**INSTRUCTIONS TO FOLLOW:** For every line below, output the text exactly and leave out images.

START DATA UNDER STUDY

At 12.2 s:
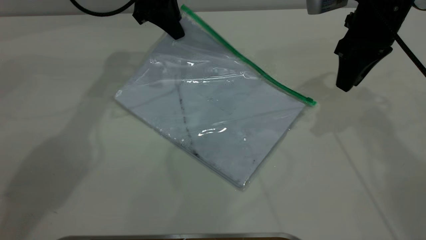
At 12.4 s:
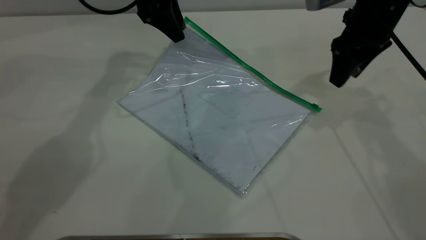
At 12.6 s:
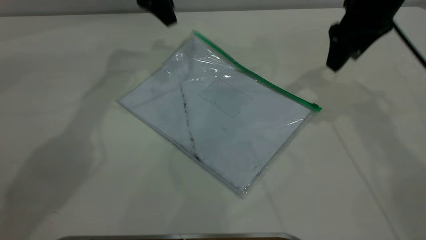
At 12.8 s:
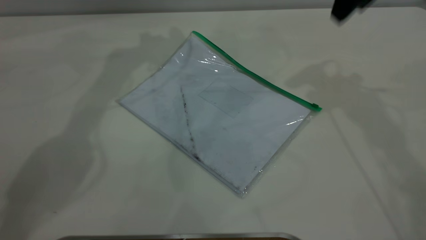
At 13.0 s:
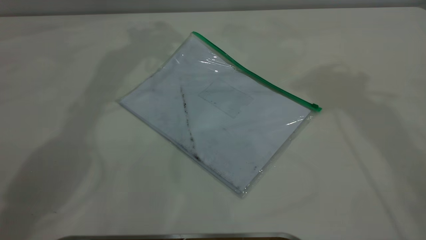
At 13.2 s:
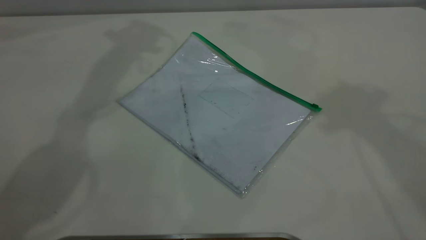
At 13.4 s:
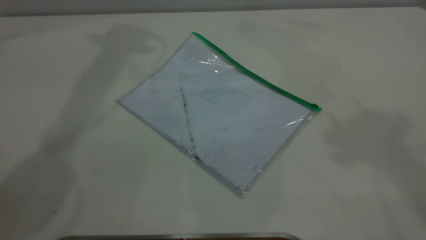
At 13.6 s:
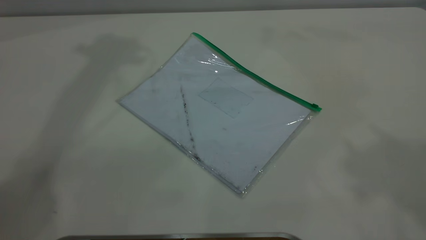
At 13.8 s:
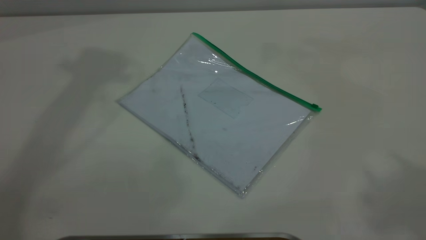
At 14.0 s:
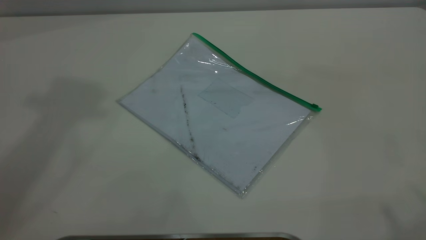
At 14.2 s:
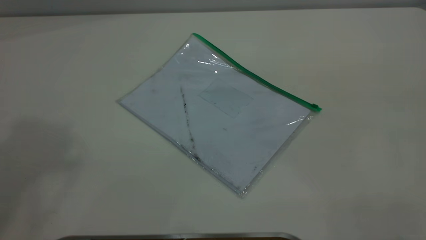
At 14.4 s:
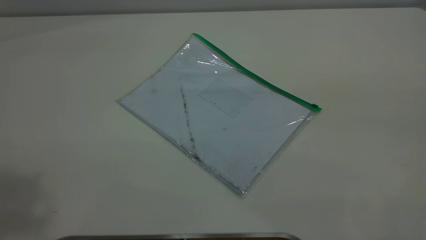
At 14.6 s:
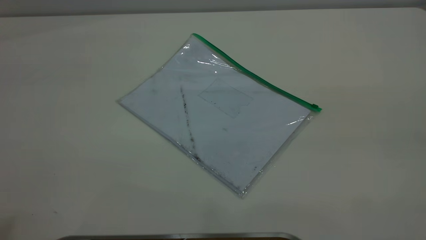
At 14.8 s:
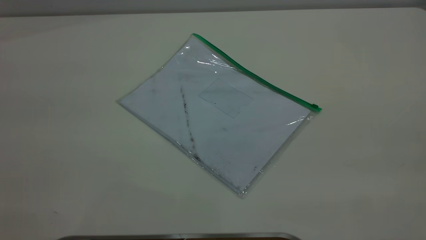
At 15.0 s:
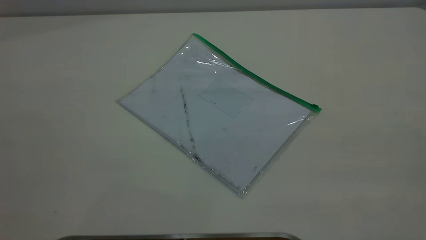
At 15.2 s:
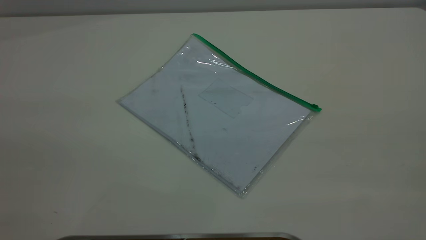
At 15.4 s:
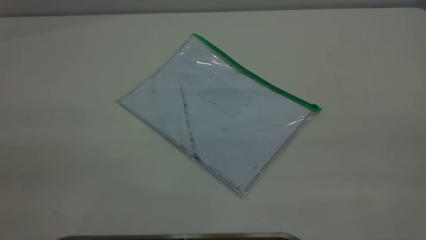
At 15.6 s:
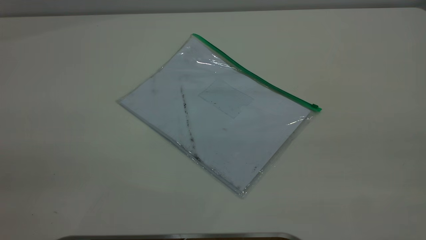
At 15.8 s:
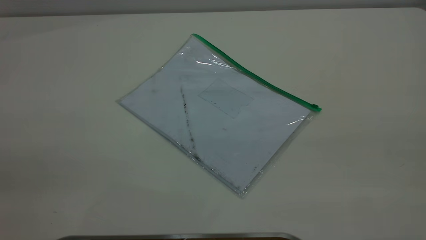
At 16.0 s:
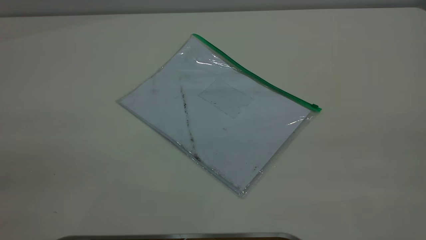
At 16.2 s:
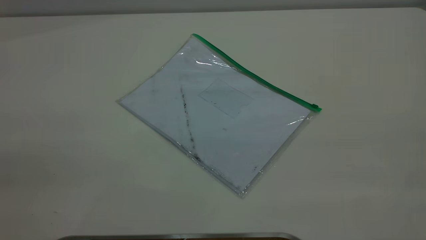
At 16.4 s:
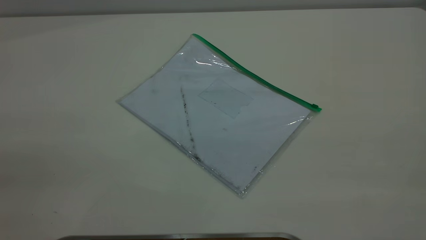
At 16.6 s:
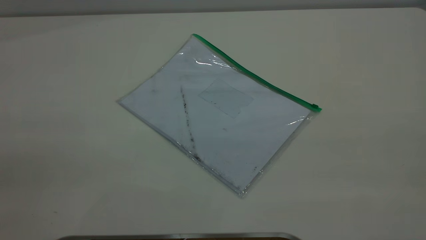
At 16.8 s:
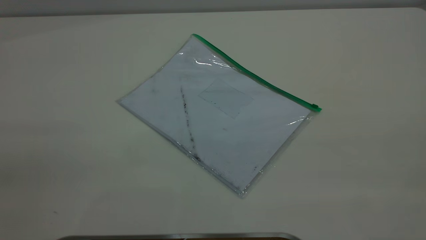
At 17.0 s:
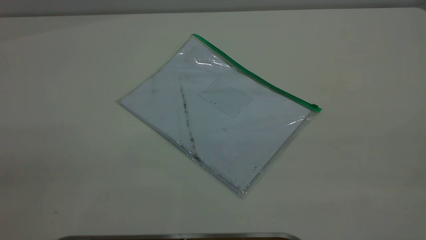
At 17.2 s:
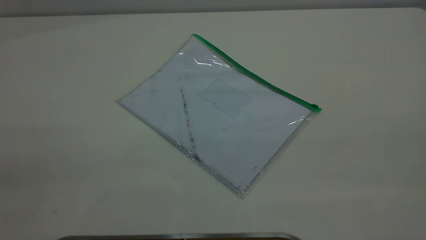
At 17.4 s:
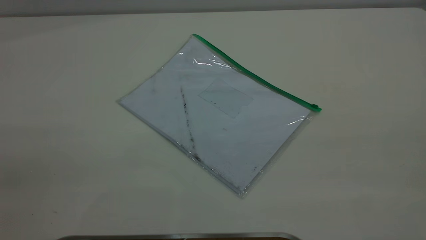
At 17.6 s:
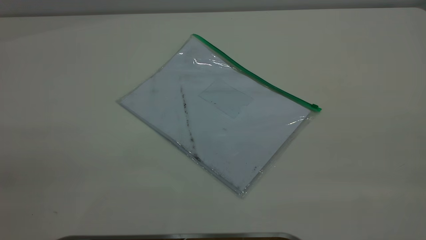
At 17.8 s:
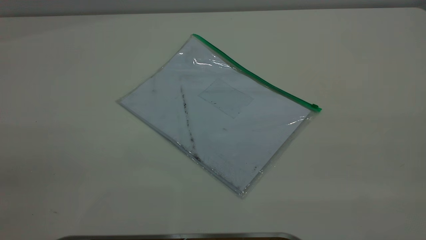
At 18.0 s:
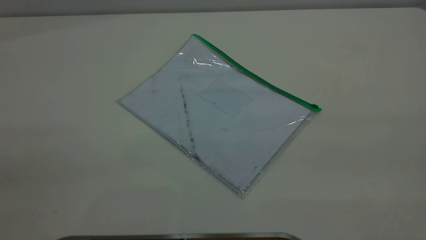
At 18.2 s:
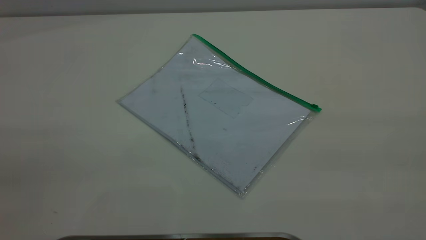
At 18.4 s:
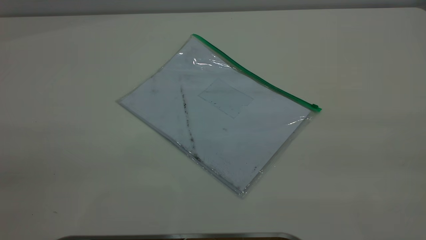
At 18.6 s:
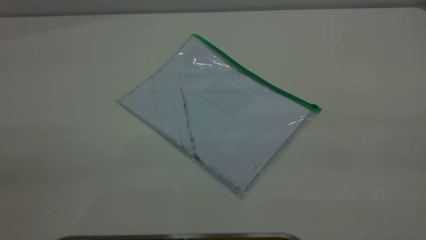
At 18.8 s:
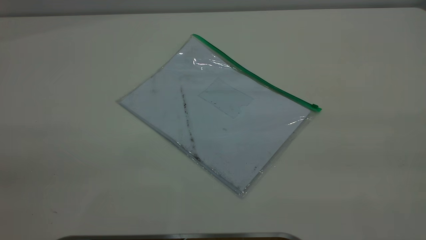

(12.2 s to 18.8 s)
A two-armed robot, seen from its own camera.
Step, 12.2 s - 12.4 s: Place the transparent plastic bag.
12.2 s - 13.8 s: The right gripper goes roughly 40 cm upward and backward, and opens; the left gripper moves upward, roughly 40 cm, and opens up.

END DATA UNDER STUDY

**TASK ANSWER:**
At 12.2 s:
At 12.4 s:
At 12.6 s:
At 12.8 s:
At 13.0 s:
At 13.2 s:
At 13.4 s:
At 13.6 s:
At 13.8 s:
At 14.0 s:
At 14.2 s:
At 14.4 s:
At 14.6 s:
At 14.8 s:
At 15.0 s:
At 15.2 s:
At 15.4 s:
At 15.6 s:
At 15.8 s:
At 16.0 s:
At 16.2 s:
At 16.4 s:
At 16.6 s:
At 16.8 s:
At 17.0 s:
At 17.2 s:
At 17.4 s:
At 17.6 s:
At 17.8 s:
At 18.0 s:
At 18.2 s:
At 18.4 s:
At 18.6 s:
At 18.8 s:

(12.2 s to 18.8 s)
A two-armed robot, seen from its own camera.
Step, 12.2 s - 12.4 s: Place the transparent plastic bag.
12.2 s - 13.8 s: The right gripper goes roughly 40 cm upward and backward, and opens; the left gripper moves upward, roughly 40 cm, and opens up.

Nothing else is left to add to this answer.